Quantum Approximate $k$-Minimum Finding

TL;DR

This paper introduces an almost optimal quantum $k$-minimum finding algorithm that operates with approximate values, enabling more practical applications in quantum computing such as identifying smallest expectation values and lowest ground state energies.

Contribution

It extends previous quantum $k$-minimum algorithms to work with approximate values for all $k \, \geq \, 1$, broadening their applicability.

Findings

Efficient quantum algorithms for identifying the $k$ smallest expectation values.

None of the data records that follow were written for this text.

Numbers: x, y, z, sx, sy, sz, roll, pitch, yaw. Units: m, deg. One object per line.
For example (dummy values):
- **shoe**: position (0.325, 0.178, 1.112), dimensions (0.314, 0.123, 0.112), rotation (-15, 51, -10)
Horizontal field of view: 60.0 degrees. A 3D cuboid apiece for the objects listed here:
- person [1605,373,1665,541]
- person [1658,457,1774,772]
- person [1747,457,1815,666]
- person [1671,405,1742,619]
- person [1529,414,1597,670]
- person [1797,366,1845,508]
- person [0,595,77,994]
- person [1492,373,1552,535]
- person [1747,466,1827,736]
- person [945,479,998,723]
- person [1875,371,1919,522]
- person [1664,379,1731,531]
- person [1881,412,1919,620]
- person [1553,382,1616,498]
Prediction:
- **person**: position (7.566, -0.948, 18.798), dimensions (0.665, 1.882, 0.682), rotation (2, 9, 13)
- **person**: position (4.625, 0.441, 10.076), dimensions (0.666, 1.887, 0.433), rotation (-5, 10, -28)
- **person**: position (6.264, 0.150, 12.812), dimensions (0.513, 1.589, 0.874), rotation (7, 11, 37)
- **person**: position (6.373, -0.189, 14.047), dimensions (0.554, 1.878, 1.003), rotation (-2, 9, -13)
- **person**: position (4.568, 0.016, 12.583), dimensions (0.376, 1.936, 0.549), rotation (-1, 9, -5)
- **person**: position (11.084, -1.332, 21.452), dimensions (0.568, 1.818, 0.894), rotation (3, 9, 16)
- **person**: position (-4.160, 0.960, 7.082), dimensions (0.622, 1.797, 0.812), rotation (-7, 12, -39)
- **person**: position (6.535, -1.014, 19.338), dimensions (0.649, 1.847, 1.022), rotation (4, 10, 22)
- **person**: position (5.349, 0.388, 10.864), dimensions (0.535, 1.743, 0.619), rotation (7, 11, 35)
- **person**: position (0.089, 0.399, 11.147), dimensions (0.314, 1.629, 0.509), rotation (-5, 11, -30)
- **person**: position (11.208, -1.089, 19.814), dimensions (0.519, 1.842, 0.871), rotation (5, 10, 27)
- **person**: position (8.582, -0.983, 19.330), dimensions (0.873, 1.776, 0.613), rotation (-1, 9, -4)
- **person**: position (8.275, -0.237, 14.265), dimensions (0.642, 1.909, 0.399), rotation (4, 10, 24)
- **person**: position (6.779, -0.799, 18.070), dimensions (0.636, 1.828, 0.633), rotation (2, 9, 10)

Quantum algorithms for determining the $k$ lowest ground state energies of a Hamiltonian.

Extension of prior work to approximate value settings for all $k \geq 1$.

Abstract

Quantum $k$-minimum finding is a fundamental subroutine with numerous applications in combinatorial problems and machine learning. Previous approaches typically assume oracle access to exact function values, making it challenging to integrate this subroutine with other quantum algorithms. In this paper, we propose an (almost) optimal quantum $k$-minimum finding algorithm that works with approximate values for all $k \geq 1$, extending a result of van Apeldoorn, Gily\'{e}n, Gribling, and de Wolf (FOCS 2017) for $k=1$. As practical applications of this algorithm, we present efficient quantum algorithms for identifying the $k$ smallest expectation values among multiple observables and for determining the $k$ lowest ground state energies of a Hamiltonian with a known eigenbasis.